An exact reproduction of the entries is needed. Keep all pictures out of it.

——

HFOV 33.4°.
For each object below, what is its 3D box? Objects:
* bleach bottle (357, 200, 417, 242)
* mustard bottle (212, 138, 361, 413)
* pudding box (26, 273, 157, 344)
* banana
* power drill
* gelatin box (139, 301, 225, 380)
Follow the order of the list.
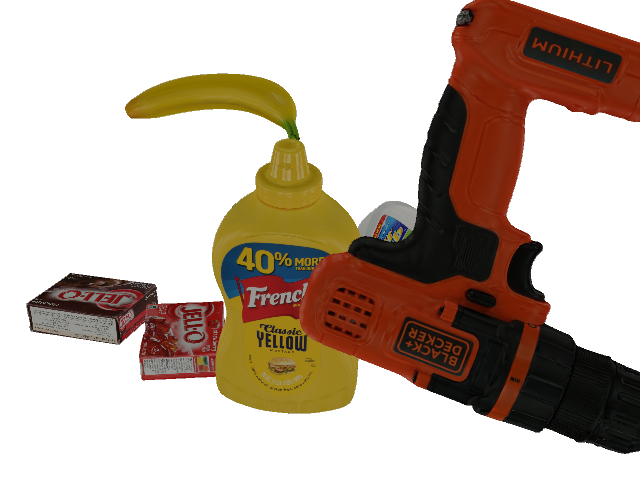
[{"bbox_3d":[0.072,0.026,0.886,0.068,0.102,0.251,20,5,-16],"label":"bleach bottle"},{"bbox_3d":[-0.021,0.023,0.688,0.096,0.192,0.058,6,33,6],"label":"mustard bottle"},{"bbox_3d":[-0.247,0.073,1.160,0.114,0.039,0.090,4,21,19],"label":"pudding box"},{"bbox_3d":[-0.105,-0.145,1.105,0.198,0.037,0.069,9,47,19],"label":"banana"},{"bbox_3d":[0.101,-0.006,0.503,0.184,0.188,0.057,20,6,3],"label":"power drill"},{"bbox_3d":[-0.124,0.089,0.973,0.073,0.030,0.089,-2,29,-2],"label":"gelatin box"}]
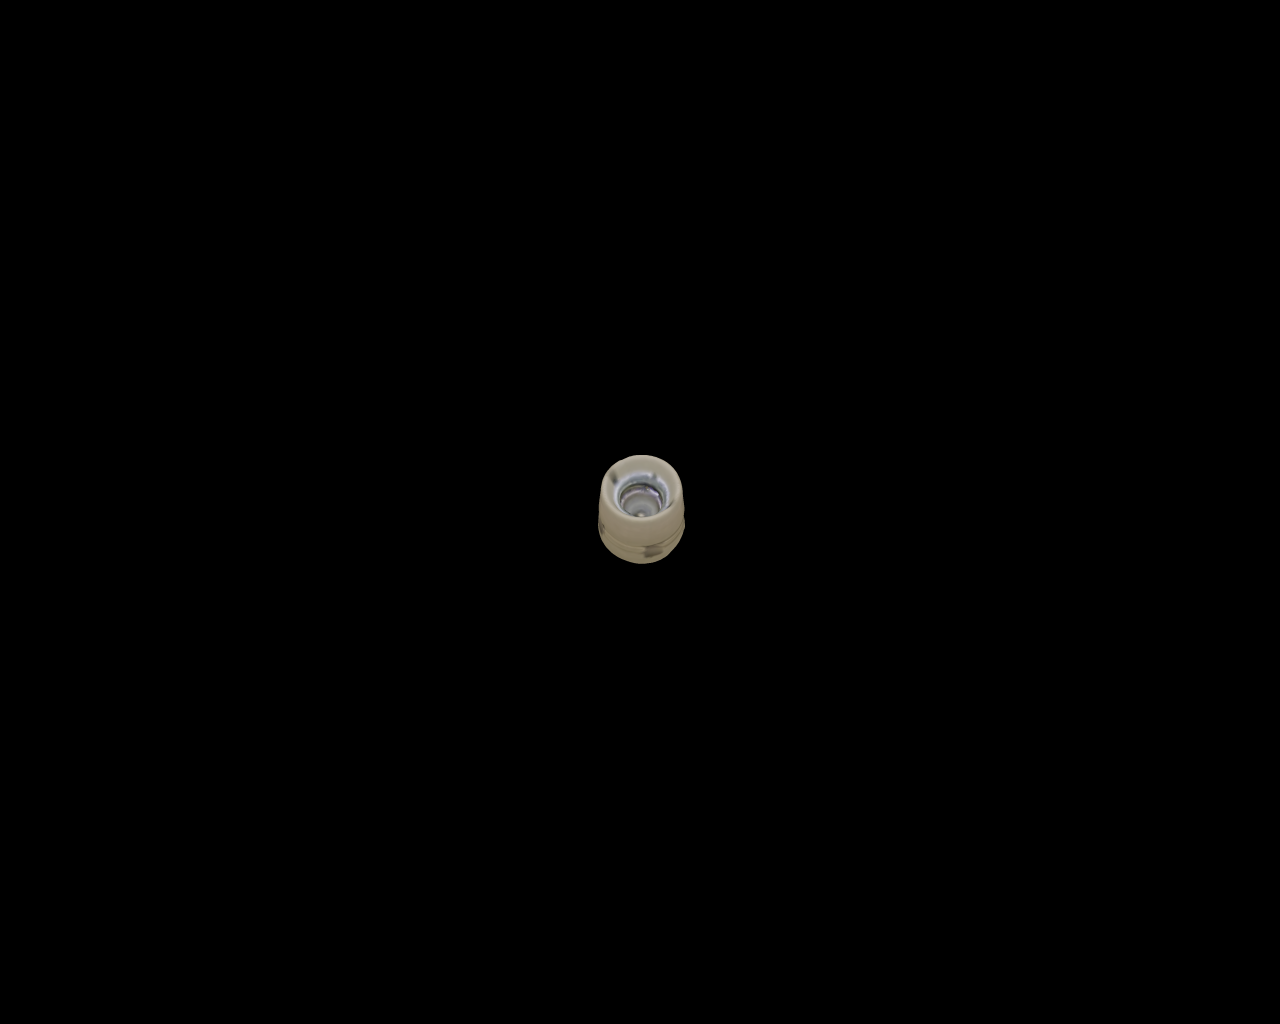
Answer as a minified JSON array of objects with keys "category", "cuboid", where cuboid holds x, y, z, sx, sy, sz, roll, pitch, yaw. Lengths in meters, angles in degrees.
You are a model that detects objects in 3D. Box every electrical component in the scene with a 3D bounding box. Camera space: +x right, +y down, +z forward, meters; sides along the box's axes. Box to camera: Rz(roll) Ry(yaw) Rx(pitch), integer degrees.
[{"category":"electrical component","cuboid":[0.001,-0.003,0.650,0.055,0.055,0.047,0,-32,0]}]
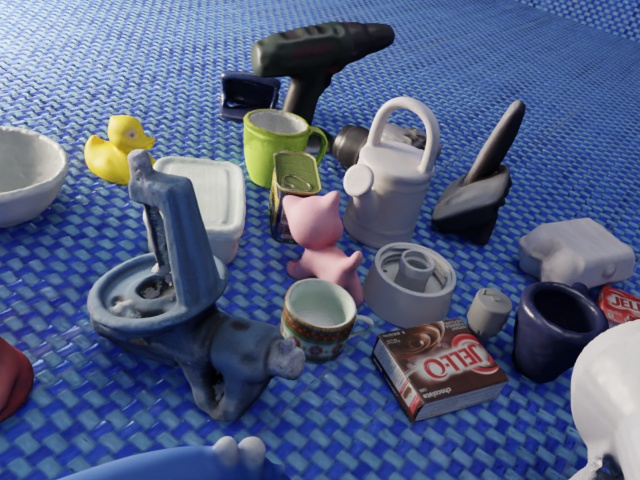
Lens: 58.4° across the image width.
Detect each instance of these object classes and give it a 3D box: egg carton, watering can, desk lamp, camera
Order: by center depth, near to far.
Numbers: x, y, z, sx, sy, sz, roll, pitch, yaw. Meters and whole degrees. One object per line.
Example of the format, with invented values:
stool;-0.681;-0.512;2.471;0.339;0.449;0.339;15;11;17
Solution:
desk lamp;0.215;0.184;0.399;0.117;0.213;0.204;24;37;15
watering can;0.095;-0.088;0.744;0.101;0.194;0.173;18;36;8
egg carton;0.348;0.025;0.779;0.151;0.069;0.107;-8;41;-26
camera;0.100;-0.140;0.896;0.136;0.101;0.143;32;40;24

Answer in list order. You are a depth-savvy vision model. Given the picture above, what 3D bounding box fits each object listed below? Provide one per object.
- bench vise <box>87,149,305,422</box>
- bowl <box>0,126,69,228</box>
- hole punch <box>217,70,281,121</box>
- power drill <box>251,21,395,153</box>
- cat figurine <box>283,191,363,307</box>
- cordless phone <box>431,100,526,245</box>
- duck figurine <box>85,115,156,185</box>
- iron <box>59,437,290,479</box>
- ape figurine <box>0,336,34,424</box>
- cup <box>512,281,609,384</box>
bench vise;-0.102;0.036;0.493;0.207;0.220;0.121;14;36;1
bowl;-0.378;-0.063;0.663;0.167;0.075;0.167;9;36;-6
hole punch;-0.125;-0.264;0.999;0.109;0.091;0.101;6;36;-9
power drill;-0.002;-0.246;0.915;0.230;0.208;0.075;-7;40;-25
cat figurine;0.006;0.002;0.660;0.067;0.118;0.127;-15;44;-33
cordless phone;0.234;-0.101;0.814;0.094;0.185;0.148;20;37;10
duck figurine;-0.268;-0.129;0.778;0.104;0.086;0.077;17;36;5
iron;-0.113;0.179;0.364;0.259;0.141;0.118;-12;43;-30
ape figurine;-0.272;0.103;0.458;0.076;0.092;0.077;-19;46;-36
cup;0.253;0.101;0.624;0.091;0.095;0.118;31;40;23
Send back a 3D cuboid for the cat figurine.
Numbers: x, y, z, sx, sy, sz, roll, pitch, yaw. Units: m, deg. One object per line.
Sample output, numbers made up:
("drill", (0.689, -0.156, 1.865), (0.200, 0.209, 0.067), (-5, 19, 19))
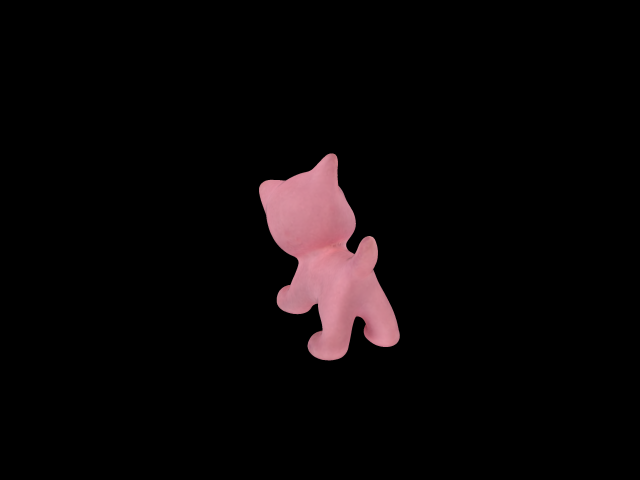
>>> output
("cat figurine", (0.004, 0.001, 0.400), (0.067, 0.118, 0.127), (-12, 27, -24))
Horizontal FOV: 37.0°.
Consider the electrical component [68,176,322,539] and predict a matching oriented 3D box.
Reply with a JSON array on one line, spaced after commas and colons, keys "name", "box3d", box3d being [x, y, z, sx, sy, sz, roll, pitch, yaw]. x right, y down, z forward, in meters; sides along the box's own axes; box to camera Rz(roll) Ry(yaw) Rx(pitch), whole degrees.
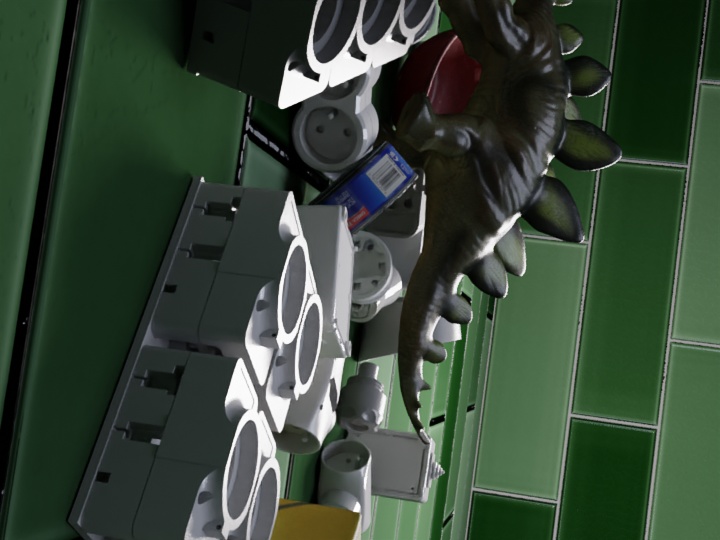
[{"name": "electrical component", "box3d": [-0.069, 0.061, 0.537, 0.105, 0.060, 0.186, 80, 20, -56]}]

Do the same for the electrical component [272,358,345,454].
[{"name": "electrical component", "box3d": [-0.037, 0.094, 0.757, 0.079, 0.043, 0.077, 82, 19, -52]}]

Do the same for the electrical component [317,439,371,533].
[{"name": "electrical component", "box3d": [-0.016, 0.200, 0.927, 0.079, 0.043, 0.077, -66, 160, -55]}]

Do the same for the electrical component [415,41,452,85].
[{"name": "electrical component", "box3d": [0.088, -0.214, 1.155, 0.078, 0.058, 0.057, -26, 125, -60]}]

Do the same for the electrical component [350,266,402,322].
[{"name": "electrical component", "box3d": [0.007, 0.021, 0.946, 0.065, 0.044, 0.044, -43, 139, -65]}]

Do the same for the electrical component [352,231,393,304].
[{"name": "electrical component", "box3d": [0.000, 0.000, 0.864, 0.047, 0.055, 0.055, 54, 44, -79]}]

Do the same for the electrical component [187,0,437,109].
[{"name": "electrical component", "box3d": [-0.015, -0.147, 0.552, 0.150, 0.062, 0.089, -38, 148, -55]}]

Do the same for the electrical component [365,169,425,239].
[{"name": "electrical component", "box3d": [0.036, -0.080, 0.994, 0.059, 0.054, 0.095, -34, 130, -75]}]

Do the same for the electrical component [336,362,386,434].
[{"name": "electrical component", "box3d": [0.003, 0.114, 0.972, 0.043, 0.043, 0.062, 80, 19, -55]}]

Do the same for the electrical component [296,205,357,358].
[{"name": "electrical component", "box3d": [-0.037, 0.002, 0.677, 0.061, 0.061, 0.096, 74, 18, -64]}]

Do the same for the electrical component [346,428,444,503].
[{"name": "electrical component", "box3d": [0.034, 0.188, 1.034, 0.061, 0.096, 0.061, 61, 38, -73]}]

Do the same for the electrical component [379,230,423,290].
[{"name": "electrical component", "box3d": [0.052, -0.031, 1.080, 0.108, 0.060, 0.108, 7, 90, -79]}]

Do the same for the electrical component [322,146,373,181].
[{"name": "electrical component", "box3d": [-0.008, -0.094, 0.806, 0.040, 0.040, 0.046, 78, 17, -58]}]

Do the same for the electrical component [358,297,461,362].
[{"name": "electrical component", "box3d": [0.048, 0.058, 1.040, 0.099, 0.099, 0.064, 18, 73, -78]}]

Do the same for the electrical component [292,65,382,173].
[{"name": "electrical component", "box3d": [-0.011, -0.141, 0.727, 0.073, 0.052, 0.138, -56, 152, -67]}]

——

» **Expected answer**:
HFOV 33.4°.
For each object below, what is its 3D box? Objects:
* bleach bottle (357, 200, 417, 242)
* mustard bottle (212, 138, 361, 413)
* pudding box (26, 273, 157, 344)
* banana
* power drill
* gelatin box (139, 301, 225, 380)
Follow the order of the list.
[{"bbox_3d":[0.072,0.026,0.886,0.068,0.102,0.251,20,5,-16],"label":"bleach bottle"},{"bbox_3d":[-0.021,0.023,0.688,0.096,0.192,0.058,6,33,6],"label":"mustard bottle"},{"bbox_3d":[-0.247,0.073,1.160,0.114,0.039,0.090,4,21,19],"label":"pudding box"},{"bbox_3d":[-0.105,-0.145,1.105,0.198,0.037,0.069,9,47,19],"label":"banana"},{"bbox_3d":[0.101,-0.006,0.503,0.184,0.188,0.057,20,6,3],"label":"power drill"},{"bbox_3d":[-0.124,0.089,0.973,0.073,0.030,0.089,-2,29,-2],"label":"gelatin box"}]
Answer as a minified JSON array of objects with keys "category", "cuboid", where cuboid holds x, y, z, sx, sy, sz, roll, pitch, yaw. Lengths in meters, angles in degrees.
You are a model that detects objects in 3D. Box every electrical component in the scene with a 3D bounding box. Camera space: +x right, +y down, +z forward, meters; sides along the box's axes. Box to camera: Rz(roll) Ry(yaw) Rx(pitch), integer degrees.
[{"category":"electrical component","cuboid":[0.001,-0.003,0.650,0.055,0.055,0.047,0,-32,0]}]
Lens: 58.4° across the image width.
Detect each instance of these object classes and give it a 3D box: egg carton, watering can, desk lamp, camera
Order: by center depth, near to far.
Numbers: x, y, z, sx, sy, sz, roll, pitch, yaw. Meters and whole degrees. One object per line.
Example of the format, with invented values:
stool;-0.681;-0.512;2.471;0.339;0.449;0.339;15;11;17
Solution:
desk lamp;0.215;0.184;0.399;0.117;0.213;0.204;24;37;15
watering can;0.095;-0.088;0.744;0.101;0.194;0.173;18;36;8
egg carton;0.348;0.025;0.779;0.151;0.069;0.107;-8;41;-26
camera;0.100;-0.140;0.896;0.136;0.101;0.143;32;40;24

Answer in list order. You are a depth-savvy vision model. Given the picture above, what 3D bounding box fits each object listed below? Provide one per object.
- bench vise <box>87,149,305,422</box>
- bowl <box>0,126,69,228</box>
- hole punch <box>217,70,281,121</box>
- power drill <box>251,21,395,153</box>
- cat figurine <box>283,191,363,307</box>
- cordless phone <box>431,100,526,245</box>
- duck figurine <box>85,115,156,185</box>
- iron <box>59,437,290,479</box>
- ape figurine <box>0,336,34,424</box>
- cup <box>512,281,609,384</box>
bench vise;-0.102;0.036;0.493;0.207;0.220;0.121;14;36;1
bowl;-0.378;-0.063;0.663;0.167;0.075;0.167;9;36;-6
hole punch;-0.125;-0.264;0.999;0.109;0.091;0.101;6;36;-9
power drill;-0.002;-0.246;0.915;0.230;0.208;0.075;-7;40;-25
cat figurine;0.006;0.002;0.660;0.067;0.118;0.127;-15;44;-33
cordless phone;0.234;-0.101;0.814;0.094;0.185;0.148;20;37;10
duck figurine;-0.268;-0.129;0.778;0.104;0.086;0.077;17;36;5
iron;-0.113;0.179;0.364;0.259;0.141;0.118;-12;43;-30
ape figurine;-0.272;0.103;0.458;0.076;0.092;0.077;-19;46;-36
cup;0.253;0.101;0.624;0.091;0.095;0.118;31;40;23
Send back a 3D cuboid for the cat figurine.
Numbers: x, y, z, sx, sy, sz, roll, pitch, yaw. Units: m, deg. One object per line.
Sample output, numbers made up:
("drill", (0.689, -0.156, 1.865), (0.200, 0.209, 0.067), (-5, 19, 19))
>>> output
("cat figurine", (0.004, 0.001, 0.400), (0.067, 0.118, 0.127), (-12, 27, -24))
Horizontal FOV: 37.0°.
Consider the electrical component [68,176,322,539] and predict a matching oriented 3D box.
Reply with a JSON array on one line, spaced after commas and colons, keys "name", "box3d", box3d being [x, y, z, sx, sy, sz, roll, pitch, yaw]. x right, y down, z forward, in meters; sides along the box's own axes; box to camera Rz(roll) Ry(yaw) Rx(pitch), whole degrees.
[{"name": "electrical component", "box3d": [-0.069, 0.061, 0.537, 0.105, 0.060, 0.186, 80, 20, -56]}]

Do the same for the electrical component [272,358,345,454].
[{"name": "electrical component", "box3d": [-0.037, 0.094, 0.757, 0.079, 0.043, 0.077, 82, 19, -52]}]

Do the same for the electrical component [317,439,371,533].
[{"name": "electrical component", "box3d": [-0.016, 0.200, 0.927, 0.079, 0.043, 0.077, -66, 160, -55]}]

Do the same for the electrical component [415,41,452,85].
[{"name": "electrical component", "box3d": [0.088, -0.214, 1.155, 0.078, 0.058, 0.057, -26, 125, -60]}]

Do the same for the electrical component [350,266,402,322].
[{"name": "electrical component", "box3d": [0.007, 0.021, 0.946, 0.065, 0.044, 0.044, -43, 139, -65]}]

Do the same for the electrical component [352,231,393,304].
[{"name": "electrical component", "box3d": [0.000, 0.000, 0.864, 0.047, 0.055, 0.055, 54, 44, -79]}]

Do the same for the electrical component [187,0,437,109].
[{"name": "electrical component", "box3d": [-0.015, -0.147, 0.552, 0.150, 0.062, 0.089, -38, 148, -55]}]

Do the same for the electrical component [365,169,425,239].
[{"name": "electrical component", "box3d": [0.036, -0.080, 0.994, 0.059, 0.054, 0.095, -34, 130, -75]}]

Do the same for the electrical component [336,362,386,434].
[{"name": "electrical component", "box3d": [0.003, 0.114, 0.972, 0.043, 0.043, 0.062, 80, 19, -55]}]

Do the same for the electrical component [296,205,357,358].
[{"name": "electrical component", "box3d": [-0.037, 0.002, 0.677, 0.061, 0.061, 0.096, 74, 18, -64]}]

Do the same for the electrical component [346,428,444,503].
[{"name": "electrical component", "box3d": [0.034, 0.188, 1.034, 0.061, 0.096, 0.061, 61, 38, -73]}]

Do the same for the electrical component [379,230,423,290].
[{"name": "electrical component", "box3d": [0.052, -0.031, 1.080, 0.108, 0.060, 0.108, 7, 90, -79]}]

Do the same for the electrical component [322,146,373,181].
[{"name": "electrical component", "box3d": [-0.008, -0.094, 0.806, 0.040, 0.040, 0.046, 78, 17, -58]}]

Do the same for the electrical component [358,297,461,362].
[{"name": "electrical component", "box3d": [0.048, 0.058, 1.040, 0.099, 0.099, 0.064, 18, 73, -78]}]

Do the same for the electrical component [292,65,382,173].
[{"name": "electrical component", "box3d": [-0.011, -0.141, 0.727, 0.073, 0.052, 0.138, -56, 152, -67]}]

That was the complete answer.